(Dataset entries)
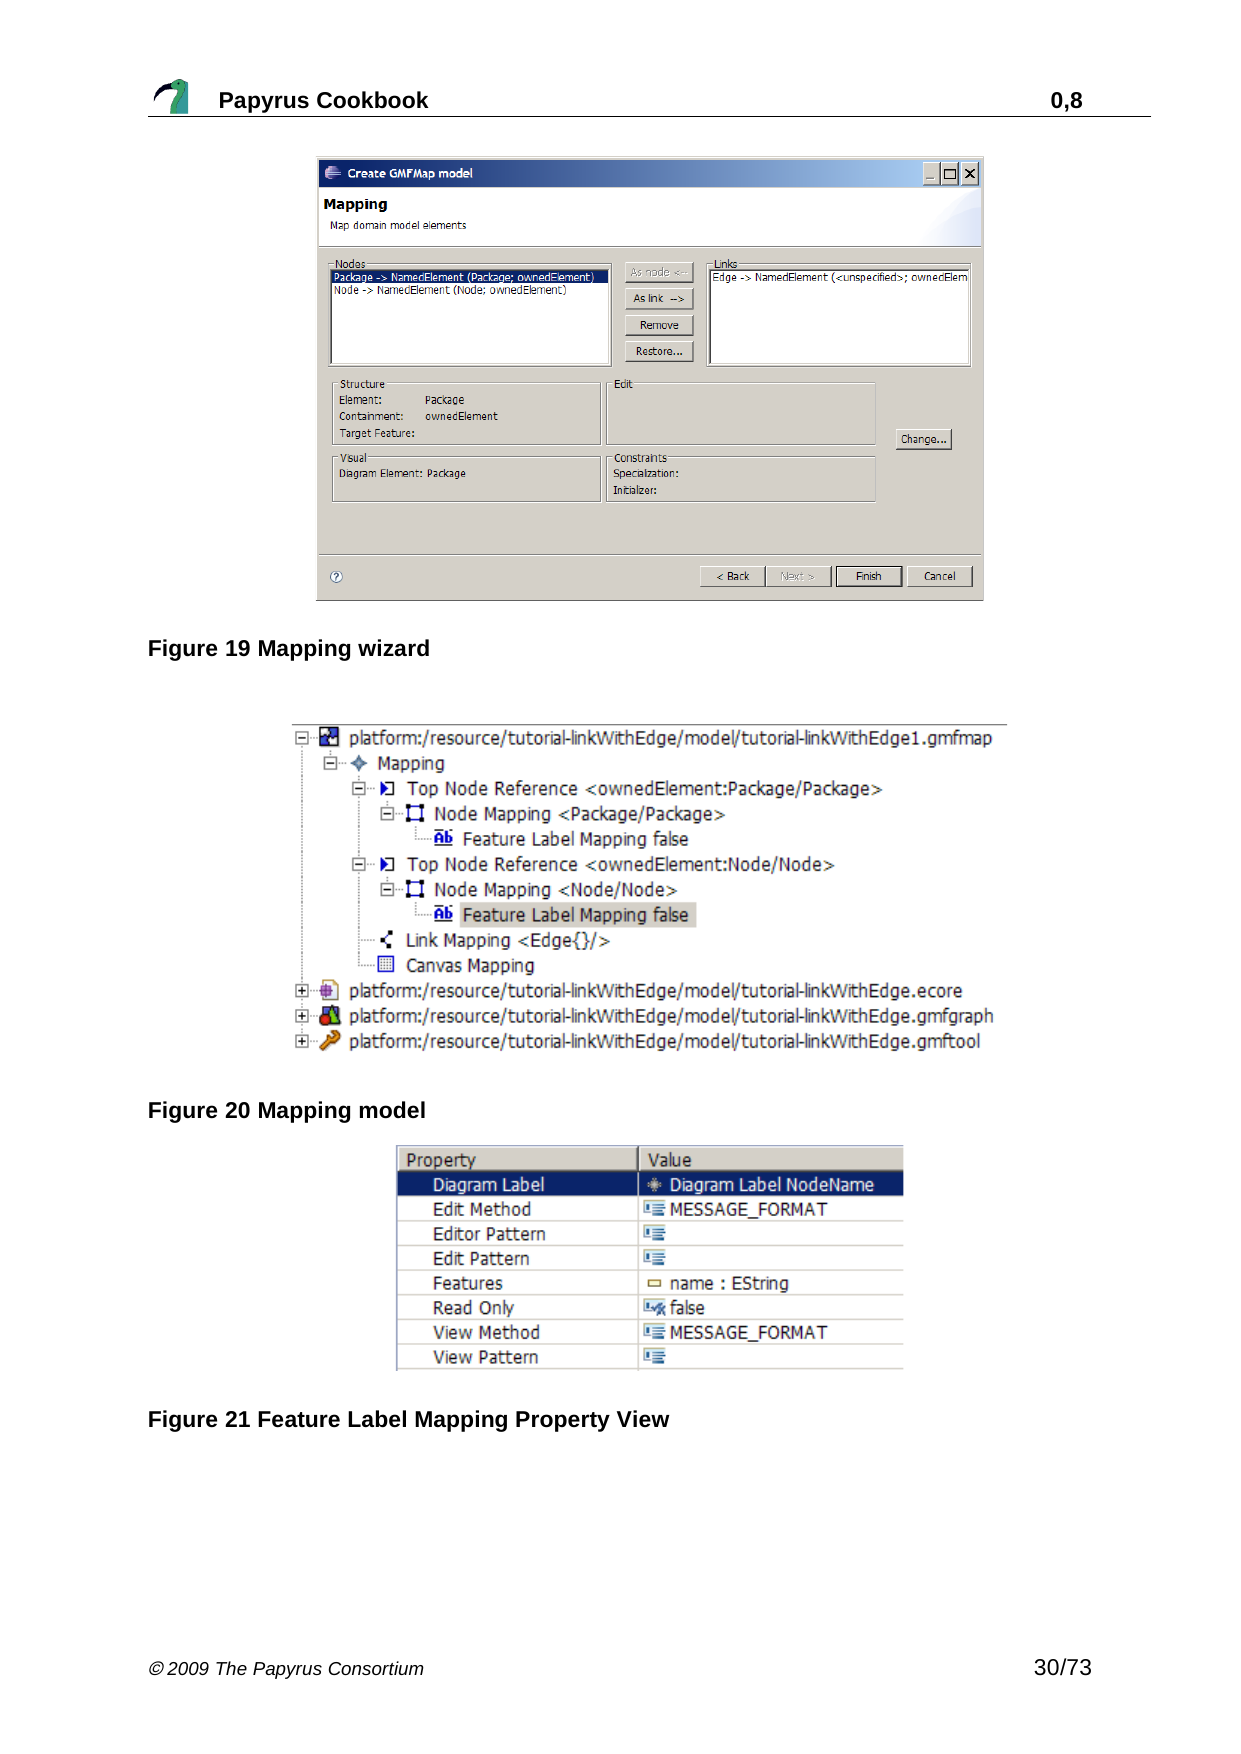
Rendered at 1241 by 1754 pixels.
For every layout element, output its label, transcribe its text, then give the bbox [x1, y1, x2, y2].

text Figure 20 Mapping model [148, 1097, 1151, 1124]
picture [291, 724, 1008, 1063]
text Figure 19 Mapping wizard [148, 634, 1151, 661]
picture [395, 1145, 904, 1371]
picture [153, 79, 189, 114]
picture [315, 156, 984, 601]
text Figure 21 Feature Label Mapping Property View [148, 1405, 1151, 1432]
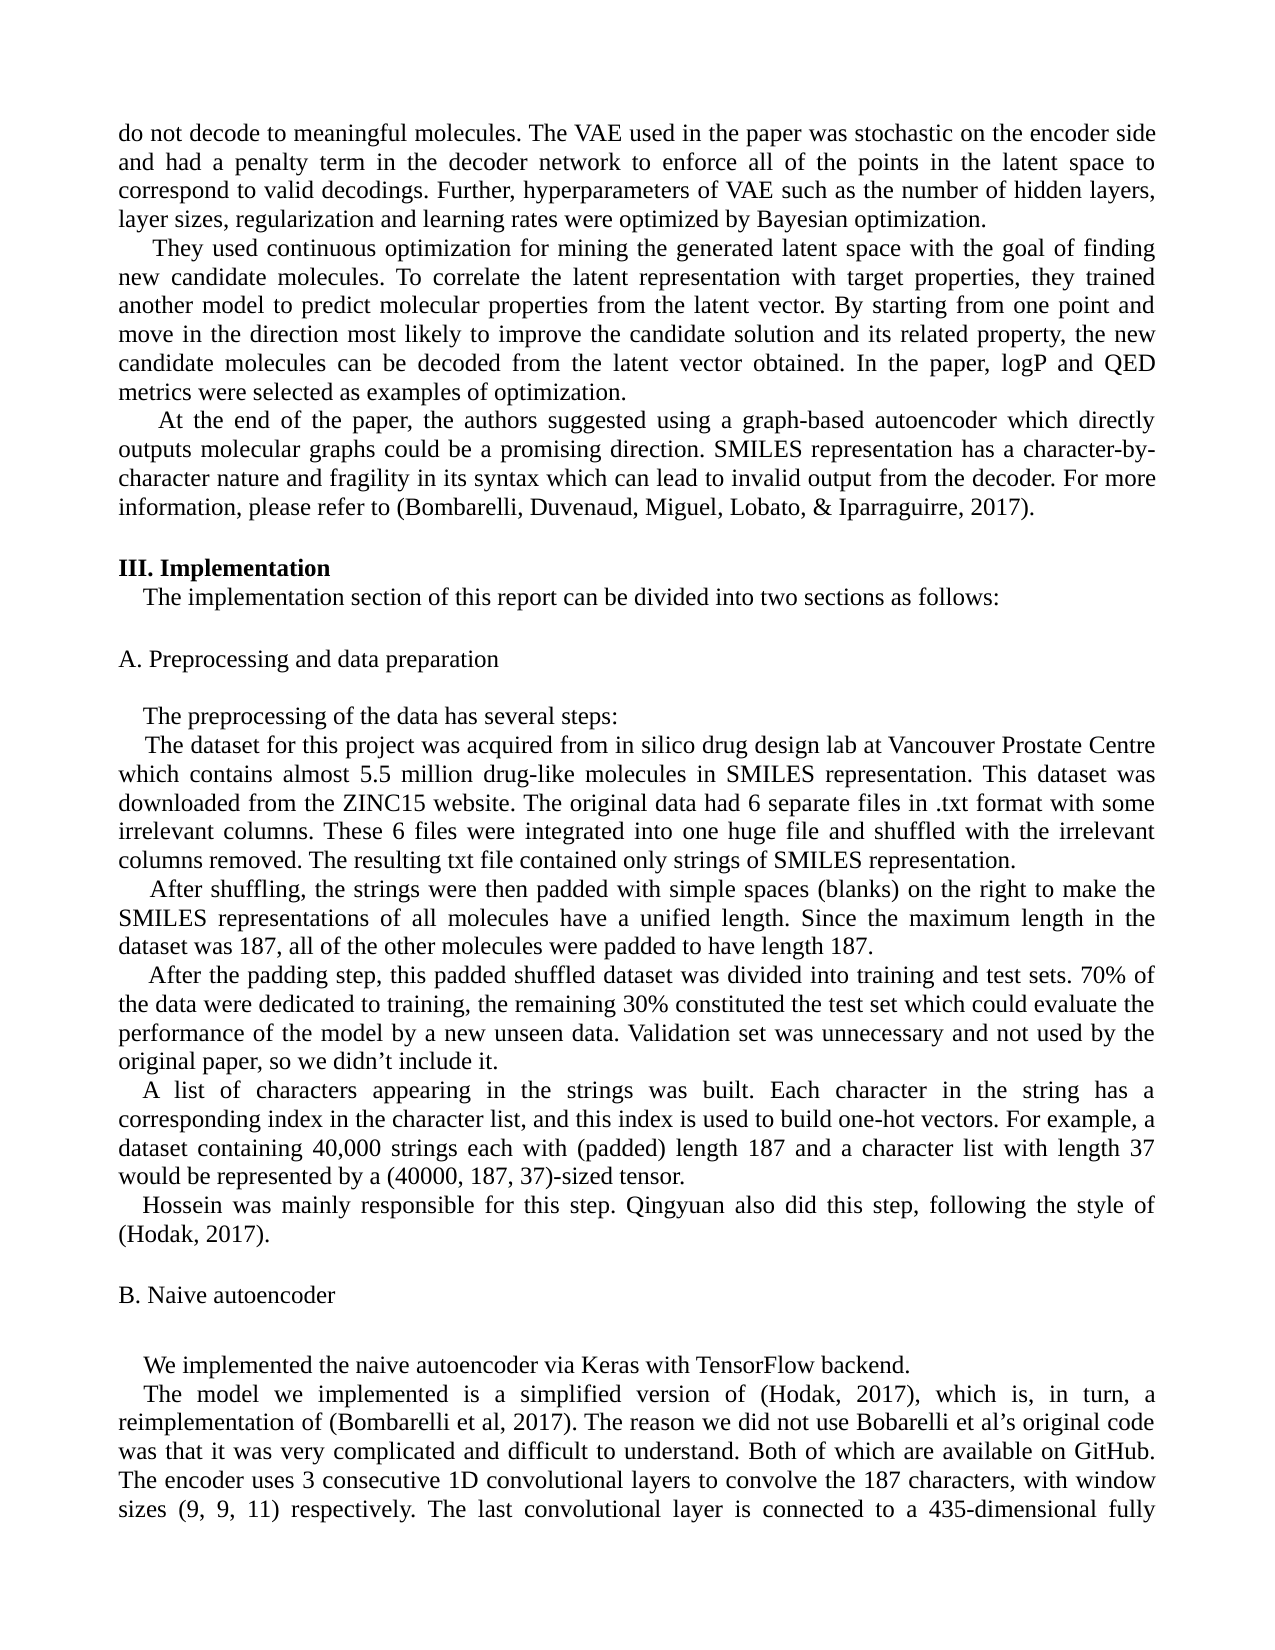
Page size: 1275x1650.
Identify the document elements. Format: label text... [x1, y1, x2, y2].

text The dataset for this project was acquired from in silico drug design lab at Vancouver Prostate Centre which contains almost 5.5 million drug-like molecules in SMILES representation. This dataset was downloaded from the ZINC15 website. The original data had 6 separate files in .txt format with some irrelevant columns. These 6 files were integrated into one huge file and shuffled with the irrelevant columns removed. The resulting txt file contained only strings of SMILES representation. [118, 730, 1157, 874]
text Hossein was mainly responsible for this step. Qingyuan also did this step, following the style of (Hodak, 2017). [118, 1190, 1157, 1248]
text They used continuous optimization for mining the generated latent space with the goal of finding new candidate molecules. To correlate the latent representation with target properties, they trained another model to predict molecular properties from the latent vector. By starting from one point and move in the direction most likely to improve the candidate solution and its related property, the new candidate molecules can be decoded from the latent vector obtained. In the paper, logP and QED metrics were selected as examples of optimization. [118, 233, 1157, 406]
subtitle A. Preprocessing and data preparation [118, 644, 1157, 673]
text The model we implemented is a simplified version of (Hodak, 2017), which is, in turn, a reimplementation of (Bombarelli et al, 2017). The reason we did not use Bobarelli et al’s original code was that it was very complicated and difficult to understand. Both of which are available on GitHub. The encoder uses 3 consecutive 1D convolutional layers to convolve the 187 characters, with window sizes (9, 9, 11) respectively. The last convolutional layer is connected to a 435-dimensional fully [118, 1379, 1157, 1522]
subtitle B. Naive autoencoder [118, 1281, 1157, 1309]
text We implemented the naive autoencoder via Keras with TensorFlow backend. [118, 1350, 1157, 1379]
text After shuffling, the strings were then padded with simple spaces (blanks) on the right to make the SMILES representations of all molecules have a unified length. Since the maximum length in the dataset was 187, all of the other molecules were padded to have length 187. [118, 874, 1157, 960]
text The implementation section of this report can be divided into two sections as follows: [118, 582, 1157, 611]
text The preprocessing of the data has several steps: [118, 701, 1157, 730]
text A list of characters appearing in the strings was built. Each character in the string has a corresponding index in the character list, and this index is used to build one-hot vectors. For example, a dataset containing 40,000 strings each with (padded) length 187 and a character list with length 37 would be represented by a (40000, 187, 37)-sized tensor. [118, 1075, 1157, 1190]
text At the end of the paper, the authors suggested using a graph-based autoencoder which directly outputs molecular graphs could be a promising direction. SMILES representation has a character-by-character nature and fragility in its syntax which can lead to invalid output from the decoder. For more information, please refer to (Bombarelli, Duvenaud, Miguel, Lobato, & Iparraguirre, 2017). [118, 406, 1157, 521]
subtitle III. Implementation [118, 553, 1157, 582]
text do not decode to meaningful molecules. The VAE used in the paper was stochastic on the encoder side and had a penalty term in the decoder network to enforce all of the points in the latent space to correspond to valid decodings. Further, hyperparameters of VAE such as the number of hidden layers, layer sizes, regularization and learning rates were optimized by Bayesian optimization. [118, 118, 1157, 233]
text After the padding step, this padded shuffled dataset was divided into training and test sets. 70% of the data were dedicated to training, the remaining 30% constituted the test set which could evaluate the performance of the model by a new unseen data. Validation set was unnecessary and not used by the original paper, so we didn’t include it. [118, 960, 1157, 1075]
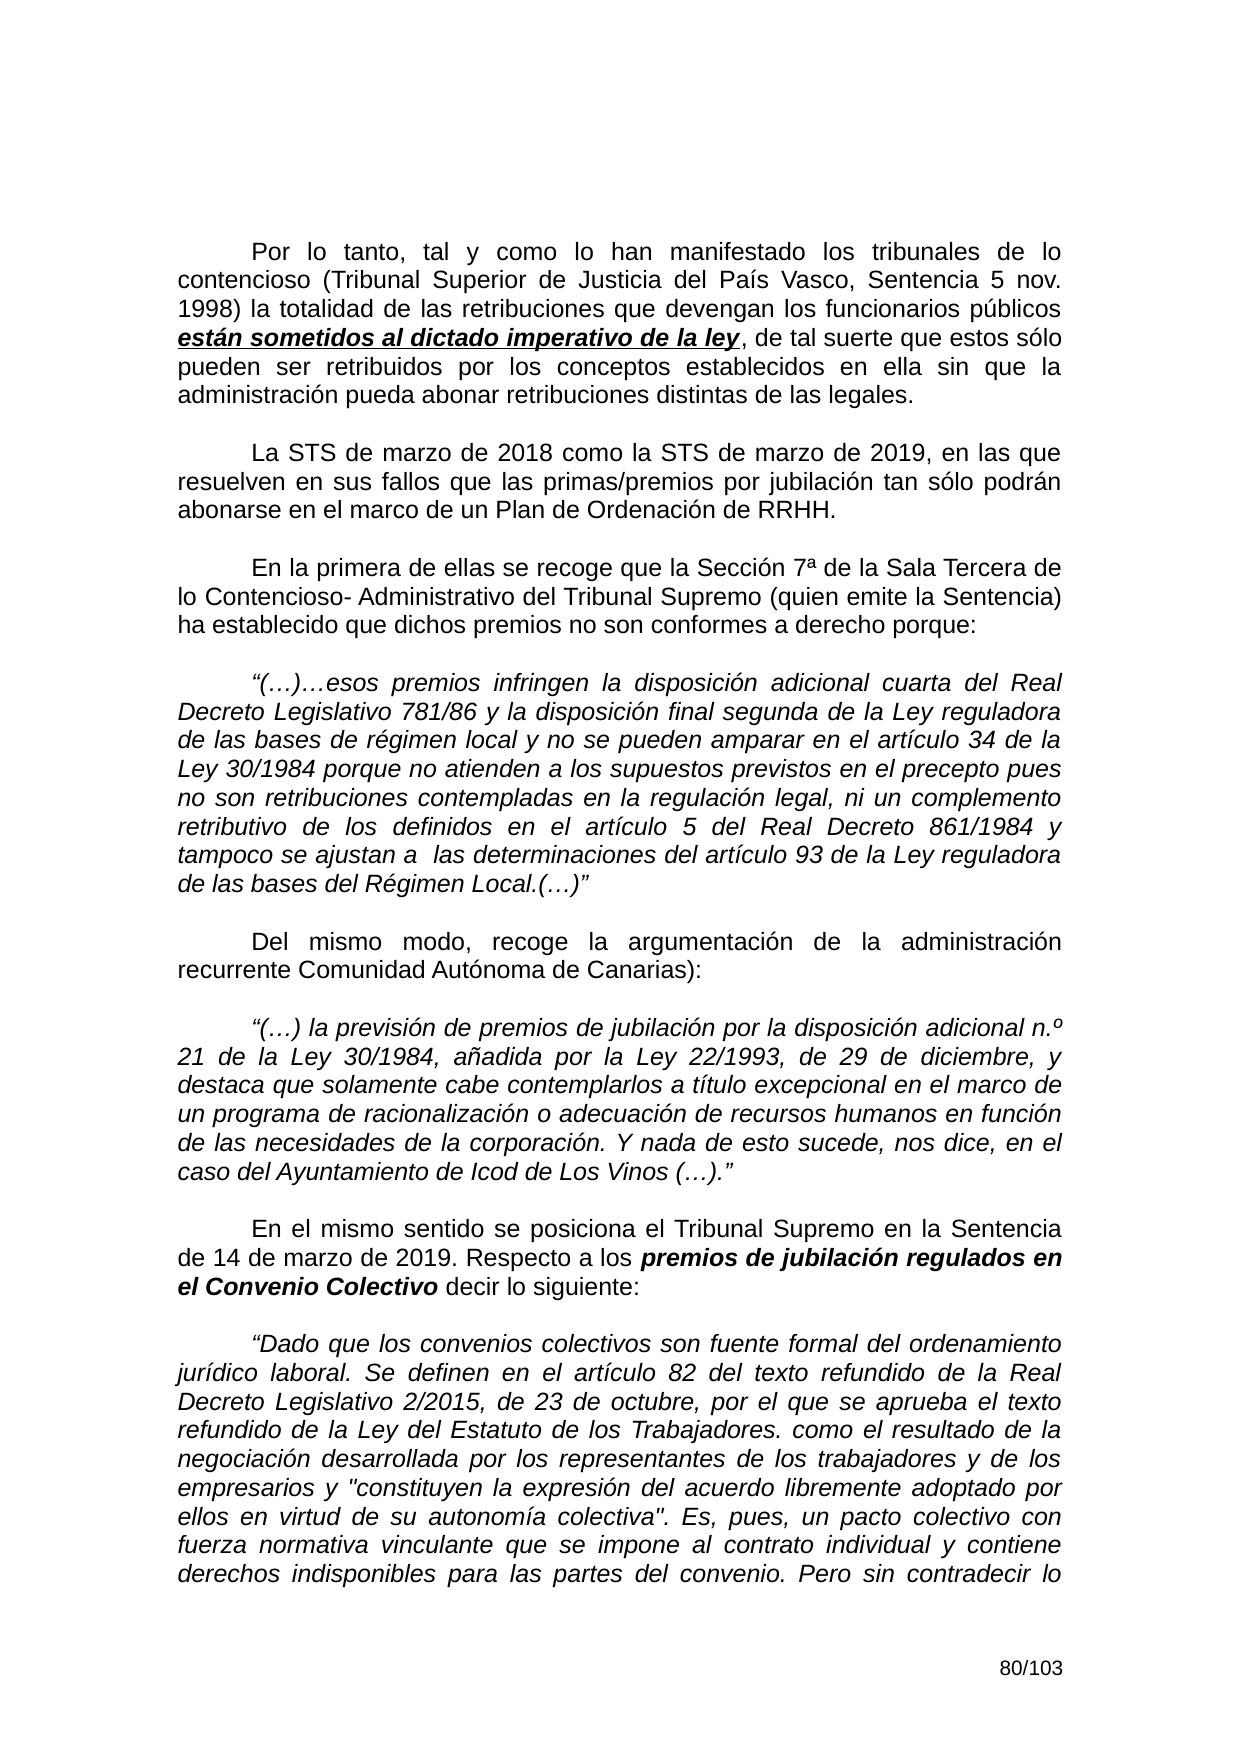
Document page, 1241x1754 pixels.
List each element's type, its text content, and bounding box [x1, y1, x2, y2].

text La STS de marzo de 2018 como la STS de marzo de 2019, en las que resuelven en sus fallos que las primas/premios por jubilación tan sólo podrán abonarse en el marco de un Plan de Ordenación de RRHH. [177, 438, 1063, 524]
text Por lo tanto, tal y como lo han manifestado los tribunales de lo contencioso (Tribunal Superior de Justicia del País Vasco, Sentencia 5 nov. 1998) la totalidad de las retribuciones que devengan los funcionarios públicos están sometidos al dictado imperativo de la ley, de tal suerte que estos sólo pueden ser retribuidos por los conceptos establecidos en ella sin que la administración pueda abonar retribuciones distintas de las legales. [177, 237, 1063, 409]
text “(…) la previsión de premios de jubilación por la disposición adicional n.º 21 de la Ley 30/1984, añadida por la Ley 22/1993, de 29 de diciembre, y destaca que solamente cabe contemplarlos a título excepcional en el marco de un programa de racionalización o adecuación de recursos humanos en función de las necesidades de la corporación. Y nada de esto sucede, nos dice, en el caso del Ayuntamiento de Icod de Los Vinos (…).” [177, 1013, 1063, 1185]
text “(…)…esos premios infringen la disposición adicional cuarta del Real Decreto Legislativo 781/86 y la disposición final segunda de la Ley reguladora de las bases de régimen local y no se pueden amparar en el artículo 34 de la Ley 30/1984 porque no atienden a los supuestos previstos en el precepto pues no son retribuciones contempladas en la regulación legal, ni un complemento retributivo de los definidos en el artículo 5 del Real Decreto 861/1984 y tampoco se ajustan a las determinaciones del artículo 93 de la Ley reguladora de las bases del Régimen Local.(…)” [177, 668, 1063, 898]
text En el mismo sentido se posiciona el Tribunal Supremo en la Sentencia de 14 de marzo de 2019. Respecto a los premios de jubilación regulados en el Convenio Colectivo decir lo siguiente: [177, 1214, 1063, 1300]
text En la primera de ellas se recoge que la Sección 7ª de la Sala Tercera de lo Contencioso- Administrativo del Tribunal Supremo (quien emite la Sentencia) ha establecido que dichos premios no son conformes a derecho porque: [177, 553, 1063, 639]
text Del mismo modo, recoge la argumentación de la administración recurrente Comunidad Autónoma de Canarias): [177, 927, 1063, 984]
text “Dado que los convenios colectivos son fuente formal del ordenamiento jurídico laboral. Se definen en el artículo 82 del texto refundido de la Real Decreto Legislativo 2/2015, de 23 de octubre, por el que se aprueba el texto refundido de la Ley del Estatuto de los Trabajadores. como el resultado de la negociación desarrollada por los representantes de los trabajadores y de los empresarios y "constituyen la expresión del acuerdo libremente adoptado por ellos en virtud de su autonomía colectiva". Es, pues, un pacto colectivo con fuerza normativa vinculante que se impone al contrato individual y contiene derechos indisponibles para las partes del convenio. Pero sin contradecir lo [177, 1329, 1063, 1588]

* Work order
When the line containing "text En la primera" is found in the records above, restate it and every later line word for word through the last one, and nothing more.

* Response to the exercise
text En la primera de ellas se recoge que la Sección 7ª de la Sala Tercera de lo Contencioso- Administrativo del Tribunal Supremo (quien emite la Sentencia) ha establecido que dichos premios no son conformes a derecho porque: [177, 553, 1063, 639]
text Del mismo modo, recoge la argumentación de la administración recurrente Comunidad Autónoma de Canarias): [177, 927, 1063, 984]
text “Dado que los convenios colectivos son fuente formal del ordenamiento jurídico laboral. Se definen en el artículo 82 del texto refundido de la Real Decreto Legislativo 2/2015, de 23 de octubre, por el que se aprueba el texto refundido de la Ley del Estatuto de los Trabajadores. como el resultado de la negociación desarrollada por los representantes de los trabajadores y de los empresarios y "constituyen la expresión del acuerdo libremente adoptado por ellos en virtud de su autonomía colectiva". Es, pues, un pacto colectivo con fuerza normativa vinculante que se impone al contrato individual y contiene derechos indisponibles para las partes del convenio. Pero sin contradecir lo [177, 1329, 1063, 1588]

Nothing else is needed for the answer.